Organisational measures

The pseudonymisation application that Rangreen uses implements several organisational controls including:

Separating responsibilities via group-based permissions that restrict which data sources and protection configuration different users have access to. This means that not all teams within Rangreen have access to the data, and access is granted only to select people who require the data for their authorised processing.
Segregating duties via role-based permissions that restrict the ability to configure protections, approve the protections, transform data to pseudonymised form, or reverse the protection to different people, who are limited in number.
Log files that allow for auditability of user actions in the application.

How do the technical and organisational measures achieve the objective?

Rangreen uses a combination of techniques that provide effective protection against re-identification for parties without access to the additional information.

However, because of the way the protections are applied (eg pseudonymising categorical fields with limited, and usually fixed, number of possible values) there is no impact on accuracy of results at all (relative to processing clear text).

The organisational measures applied (separation of responsibility, segregation of duties and log files) effectively reduce the likelihood of accidental or intentional misuse of data by requiring multiple people to accomplish both protection and reversal, and logging actions and approvals.

Because of this, the data could be used for internal analysis without making any direct inferences about individual employees. This mitigates the risk of harm for those employees.

As the identity of the employees is not relevant to this analysis, Rangreen had initially considered anonymisation. However, Rangreen decided that it was not feasible to anonymise as the methods available to them would have removed too much information from the dataset and reduced its value for the intended processing.

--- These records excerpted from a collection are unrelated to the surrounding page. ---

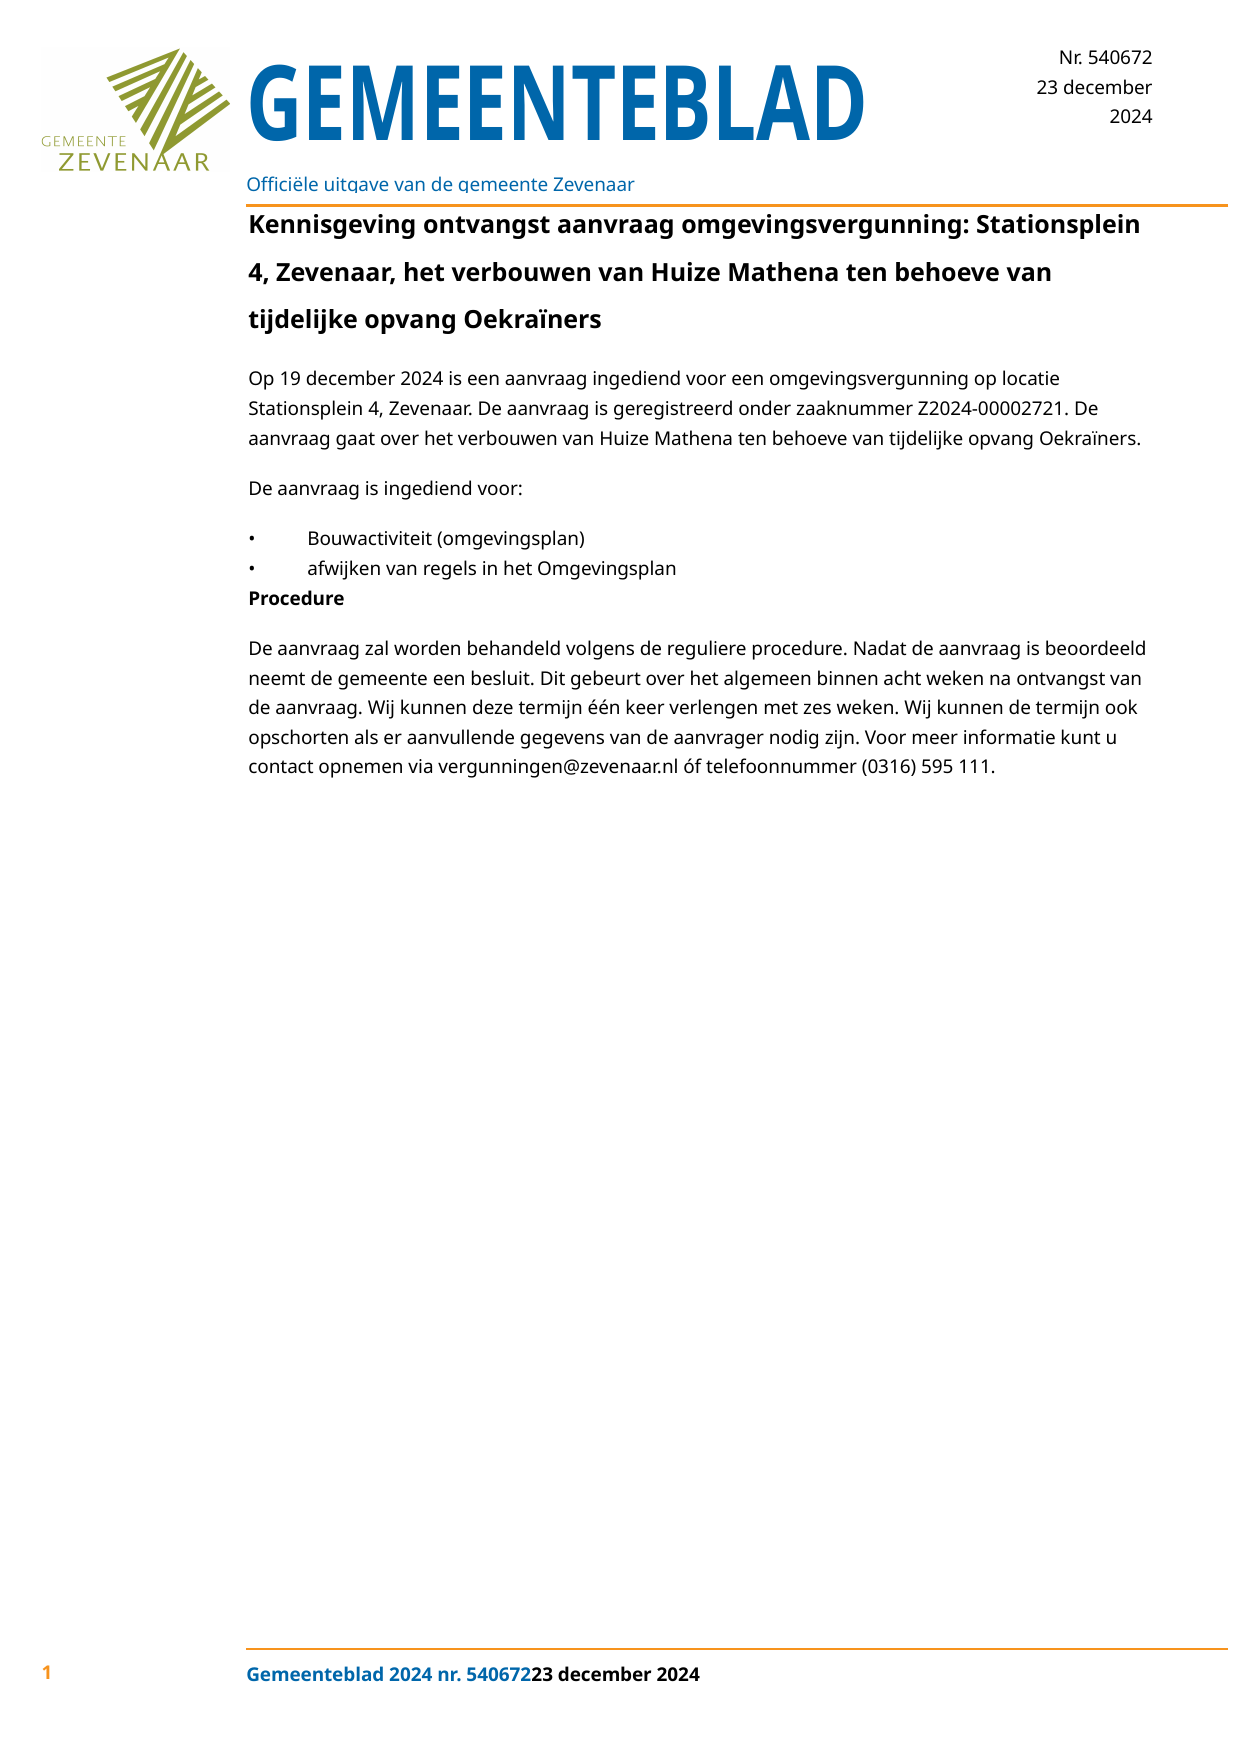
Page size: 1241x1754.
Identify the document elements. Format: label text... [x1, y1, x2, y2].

list afwijken van regels in het Omgevingsplan [248, 555, 1152, 581]
list Bouwactiviteit (omgevingsplan) [248, 526, 1152, 551]
picture [41, 47, 231, 172]
text De aanvraag zal worden behandeld volgens de reguliere procedure. Nadat de aanvraag is beoordeeld neemt de gemeente een besluit. Dit gebeurt over het algemeen binnen acht weken na ontvangst van de aanvraag. Wij kunnen deze termijn één keer verlengen met zes weken. Wij kunnen de termijn ook opschorten als er aanvullende gegevens van de aanvrager nodig zijn. Voor meer informatie kunt u contact opnemen via vergunningen@zevenaar.nl óf telefoonnummer (0316) 595 111. [248, 635, 1152, 779]
text Kennisgeving ontvangst aanvraag omgevingsvergunning: Stationsplein 4, Zevenaar, het verbouwen van Huize Mathena ten behoeve van tijdelijke opvang Oekraïners [248, 207, 1152, 336]
text De aanvraag is ingediend voor: [248, 475, 1152, 501]
text Op 19 december 2024 is een aanvraag ingediend voor een omgevingsvergunning op locatie Stationsplein 4, Zevenaar. De aanvraag is geregistreerd onder zaaknummer Z2024-00002721. De aanvraag gaat over het verbouwen van Huize Mathena ten behoeve van tijdelijke opvang Oekraïners. [248, 366, 1152, 450]
text Procedure [248, 585, 1152, 610]

The cleartext ATS data contains directly identifiable personal data. The use of personal data in this form for analytics poses a risk to Rangreen’s applicants and employees. Though this data is held on employee records accessible to the HR team, its disclosure to Rangreen’s analytics team would give unnecessary access to employee details to people and teams with no HR responsibilities.

Pseudonymising the data means that it is not possible to re-identify specific people within the pseudonymised data without access to the additional information held separately by Rangreen. Therefore, the risk to people is significantly reduced.

Risk and mitigation

Rangreen then identifies and assesses risk using an empirical statistical framework that measures any residual risk of identification via a three-step procedure:

performing privacy attacks against the dataset under evaluation;
measuring the success of such attacks; and
quantifying any residual privacy risk.

This statistical framework evaluates the resilience of the protected data output against the different types of privacy risks represented by attack-based evaluations for singling out, linkability, and inference risks. These are the three key indicators for determining whether information is personal data or not. If the residual risk is not sufficiently remote, the applied technical protections are adjusted and risk measurement repeated as necessary.

The technical and organisational controls are in the first instance implemented as risk mitigations measures themselves. These are based on the effectiveness achieved against the use case requirements and assessed risks. Rangreen concludes no additional mitigation measures are required.